One thing I did notice in v2, is that, while you c...
# general
n
One thing I did notice in v2, is that, while you can modulate ram usage somewhat with the local_parallelism settings, if you happen to call the binary goal with a wildcard like ::, on a full cache miss, it'll load a massive amount of stuff into memory right before outputting all files seemingly at once, proportional to the number of targets. This snuck up on us and we had to make the CI box a bit more beefy. So that may be an area of improvement, unless there's a 'please only use this much RAM' switch I wasn't able to spot in the help section.
💡 2
☝️ 1
a
yes, lmdb will also occasionally allocate too much shared memory as well and occasionally it will open too many files
i'm separately working on virtualizing process executions so we don't ever need to actually touch the filesystem which would make this go away
that's not via a sandbox though, it's via modifying whatever pants subprocesses to use a virtual fs API. so not super generic and would require effort to make work with everyone's code right now
a "please only use this much RAM" switch sounds extremely reasonable
e
@aloof-angle-91616 does this mean you're picking up work on fs/brfs ?
a
brfs would be the generic solution and would be great to use as the final piece in the puzzle. i was first working on making an API that shares file content via shared memory (and directories via the pants lmdb store): https://github.com/cosmicexplorer/upc/. this is so that a virtual git filesystem can send files to pants instantly. my goal for the first prototype is to "virtualize" scrooge by making it not write to real files by editing its code, which i want to use to demonstrate the performance of the virtualization approach before i dive into a more generic solution e.g. with brfs.
e
Ok.
a
i'm entirely making it up as i go along at this point and haven't presented it to twitter folks yet except the git virtual filesystem owner (kaushik) who thinks it is a very cool idea. i think that the performance will almost definitely work out as desired. we will see.

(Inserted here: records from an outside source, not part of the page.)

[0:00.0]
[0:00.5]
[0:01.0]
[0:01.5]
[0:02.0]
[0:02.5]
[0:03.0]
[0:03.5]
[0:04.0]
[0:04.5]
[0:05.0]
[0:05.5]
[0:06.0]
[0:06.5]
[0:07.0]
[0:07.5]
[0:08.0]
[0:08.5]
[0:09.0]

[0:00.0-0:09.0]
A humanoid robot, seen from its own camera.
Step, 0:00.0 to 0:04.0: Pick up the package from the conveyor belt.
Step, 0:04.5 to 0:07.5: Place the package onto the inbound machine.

i just saw your merge. i'll try to get up to speed.
the sbt maintainer appears to have had the literal exact same idea about virtualizing i/o at the application level, and he happened to be in a great place to make that change in zinc. https://twitter.com/eed3si9n/status/1258139122977431554?s=21
w
that looks like a remote cache
looks like he calls out that pants already does that?
a
Both Scala compiler and Java compiler is able handle an abtraction notion of virtual file. Rather than manipulating the state of Zinc, I think it's better if we can do away with the idea of using working-directory specific absolute paths during compilation. For large-scale build tools, this facility can be used for example to keep all sources in-memory. Furthermore, keeping a bunch of java.io.File with full absolute paths could add up.

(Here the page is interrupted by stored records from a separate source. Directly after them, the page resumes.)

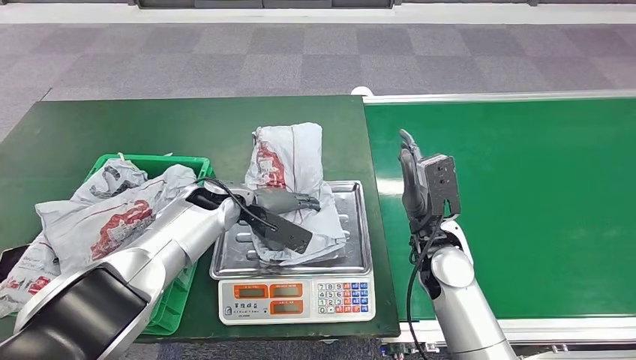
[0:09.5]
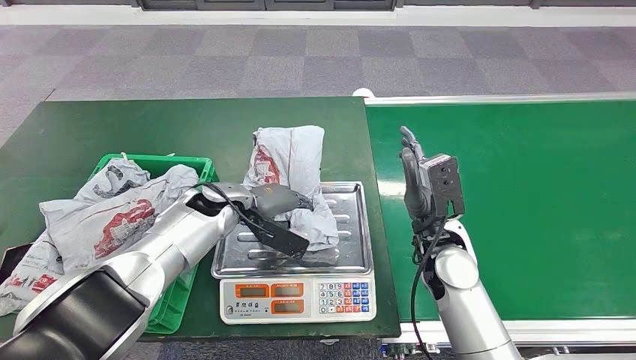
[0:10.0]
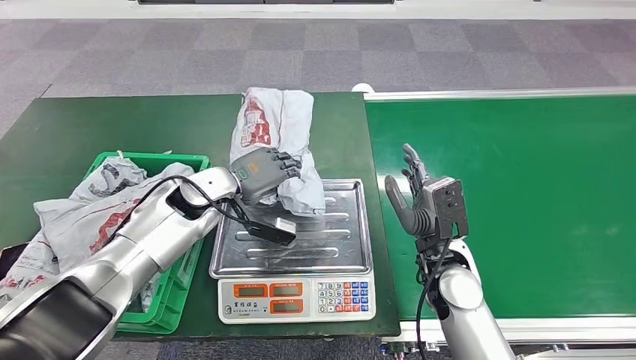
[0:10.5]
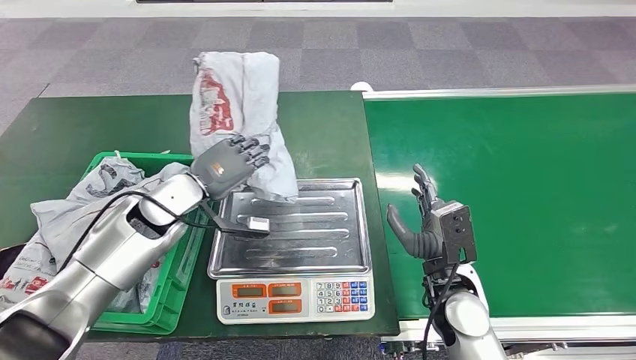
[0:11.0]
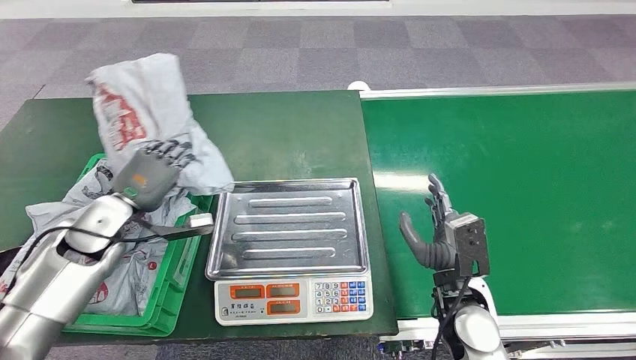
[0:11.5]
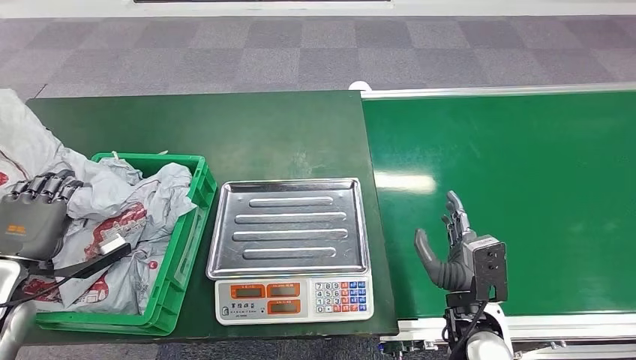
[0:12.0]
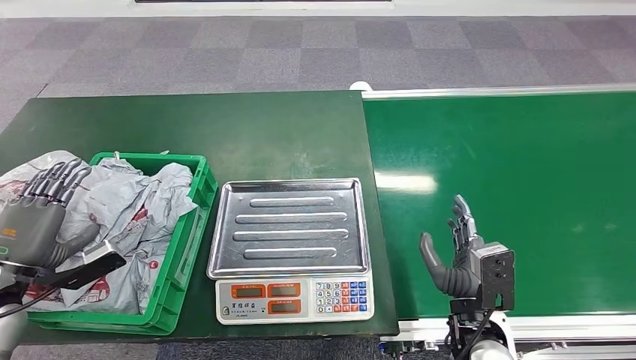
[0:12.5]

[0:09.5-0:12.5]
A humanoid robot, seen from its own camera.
Step, 0:11.0 to 0:12.5: Place the package into the parcel locker.

he’s discussing virtualizing all i/o by editing the application code
he mentions pants nailgun as an example of persistent processes improving perf i believe
w
mm. got it.
a
i’m hacking away on cargo rules right now but this weekend i want to steal that work since it happens to bridge the precise gap between the upc library and the prototype i wanted
w
but, ftr: lmdb does not allocate shared memory: rather, it MMAPs things, which means that they’re flushable.
a
yes, the upc library uses shmget() for files though :)
w
@numerous-fall-96475: it’s unclear what the memory usage is: haven’t profiled yet, but plan to via https://github.com/pantsbuild/pants/issues/9395
👍 1
a
good segue
it’s possible that the shared memory part is unnecessary too. the only benefit right now is that it’s incredibly fast and simple to allocate or retrieve because i made a horrible lock-free allocator. but it might be removable. thanks for pointing out that lmdb already does a lot of the work here.